__Task directions__.
Please give back only the lines below from the one containing "extrude(amount=-HOLE007_DEPTH, mode=Mode.SUBTRACT)" to the one containing "solid = part_1.part", each repeated word for word, both ends included.

***** Material supplied *****

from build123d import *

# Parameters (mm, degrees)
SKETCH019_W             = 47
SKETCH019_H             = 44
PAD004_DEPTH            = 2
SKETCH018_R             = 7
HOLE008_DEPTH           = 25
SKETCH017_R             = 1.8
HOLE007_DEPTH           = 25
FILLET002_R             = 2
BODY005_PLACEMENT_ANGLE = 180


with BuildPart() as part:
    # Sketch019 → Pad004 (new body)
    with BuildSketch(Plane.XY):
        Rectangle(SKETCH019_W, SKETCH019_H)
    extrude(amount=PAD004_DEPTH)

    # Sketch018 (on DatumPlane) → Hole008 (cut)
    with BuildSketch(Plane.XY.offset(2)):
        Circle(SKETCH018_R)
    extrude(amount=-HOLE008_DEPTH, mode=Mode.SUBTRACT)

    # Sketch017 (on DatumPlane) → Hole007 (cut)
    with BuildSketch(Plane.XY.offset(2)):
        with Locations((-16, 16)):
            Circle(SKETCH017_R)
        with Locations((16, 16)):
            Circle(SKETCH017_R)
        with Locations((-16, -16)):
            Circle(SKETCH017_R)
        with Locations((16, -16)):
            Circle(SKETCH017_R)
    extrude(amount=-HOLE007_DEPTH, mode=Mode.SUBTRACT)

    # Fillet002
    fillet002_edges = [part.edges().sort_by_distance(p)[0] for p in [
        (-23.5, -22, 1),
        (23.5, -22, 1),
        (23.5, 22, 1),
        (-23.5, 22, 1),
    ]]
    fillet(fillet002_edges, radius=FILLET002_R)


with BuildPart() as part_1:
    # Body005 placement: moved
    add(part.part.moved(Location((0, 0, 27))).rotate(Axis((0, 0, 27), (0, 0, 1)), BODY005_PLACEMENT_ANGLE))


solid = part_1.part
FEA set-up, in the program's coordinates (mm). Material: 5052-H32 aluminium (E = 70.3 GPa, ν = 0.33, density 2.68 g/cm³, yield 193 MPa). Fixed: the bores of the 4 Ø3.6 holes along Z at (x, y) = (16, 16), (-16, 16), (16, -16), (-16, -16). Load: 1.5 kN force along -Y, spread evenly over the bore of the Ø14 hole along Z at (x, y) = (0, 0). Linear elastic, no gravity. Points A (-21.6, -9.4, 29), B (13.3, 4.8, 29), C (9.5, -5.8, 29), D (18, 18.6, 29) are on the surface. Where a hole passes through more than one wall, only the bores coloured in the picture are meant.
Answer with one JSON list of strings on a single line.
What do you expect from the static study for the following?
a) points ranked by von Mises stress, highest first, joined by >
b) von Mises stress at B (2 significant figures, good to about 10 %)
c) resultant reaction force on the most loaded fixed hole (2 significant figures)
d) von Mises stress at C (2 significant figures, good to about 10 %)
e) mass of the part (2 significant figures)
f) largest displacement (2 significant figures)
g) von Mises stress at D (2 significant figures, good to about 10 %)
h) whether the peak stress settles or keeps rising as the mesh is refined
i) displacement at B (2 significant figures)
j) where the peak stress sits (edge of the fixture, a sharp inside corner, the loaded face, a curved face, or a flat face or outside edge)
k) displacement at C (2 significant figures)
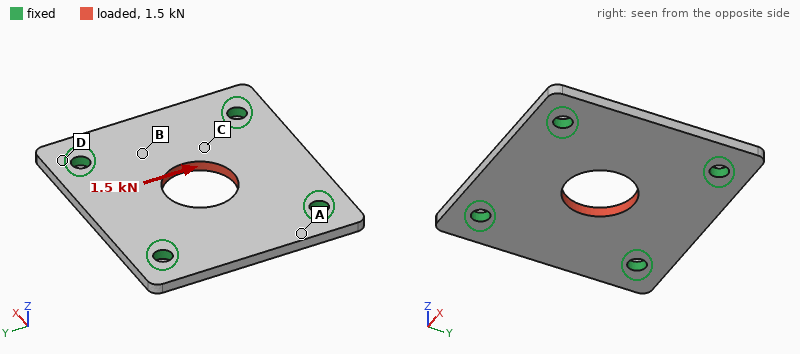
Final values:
["C > B > D > A", "13 MPa", "410 N", "17 MPa", "10 g", "6.1 µm", "8.2 MPa", "keeps rising", "2.1 µm", "edge of the fixture", "3.3 µm"]
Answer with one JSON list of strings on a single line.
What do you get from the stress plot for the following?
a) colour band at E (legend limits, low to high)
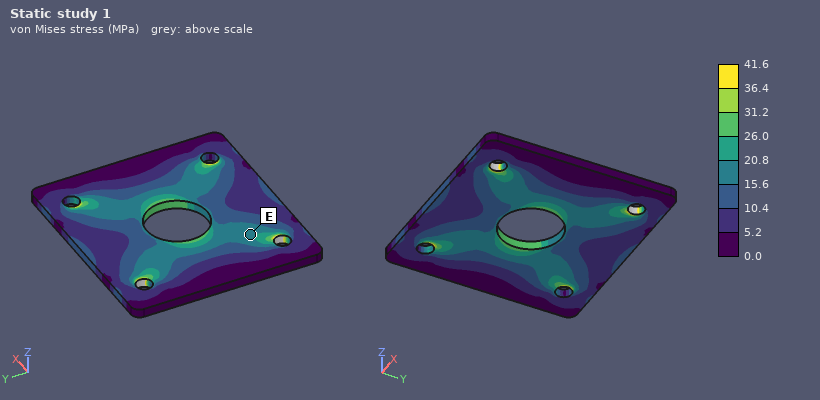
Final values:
["15.6 to 20.8 MPa"]
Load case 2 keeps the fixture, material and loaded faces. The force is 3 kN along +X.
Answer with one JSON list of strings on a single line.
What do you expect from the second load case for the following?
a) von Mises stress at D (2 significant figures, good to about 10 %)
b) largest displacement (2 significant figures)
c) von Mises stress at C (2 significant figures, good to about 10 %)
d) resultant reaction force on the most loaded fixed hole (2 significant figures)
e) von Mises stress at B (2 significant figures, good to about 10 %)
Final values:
["14 MPa", "12 µm", "31 MPa", "800 N", "24 MPa"]
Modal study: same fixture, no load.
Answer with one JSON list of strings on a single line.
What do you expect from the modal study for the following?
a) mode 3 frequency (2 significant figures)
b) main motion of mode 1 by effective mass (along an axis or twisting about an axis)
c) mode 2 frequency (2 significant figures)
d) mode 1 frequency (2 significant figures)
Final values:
["11 kHz", "along Z", "11 kHz", "8600 Hz"]

*****

__Exercise answer__.
    extrude(amount=-HOLE007_DEPTH, mode=Mode.SUBTRACT)

    # Fillet002
    fillet002_edges = [part.edges().sort_by_distance(p)[0] for p in [
        (-23.5, -22, 1),
        (23.5, -22, 1),
        (23.5, 22, 1),
        (-23.5, 22, 1),
    ]]
    fillet(fillet002_edges, radius=FILLET002_R)


with BuildPart() as part_1:
    # Body005 placement: moved
    add(part.part.moved(Location((0, 0, 27))).rotate(Axis((0, 0, 27), (0, 0, 1)), BODY005_PLACEMENT_ANGLE))


solid = part_1.part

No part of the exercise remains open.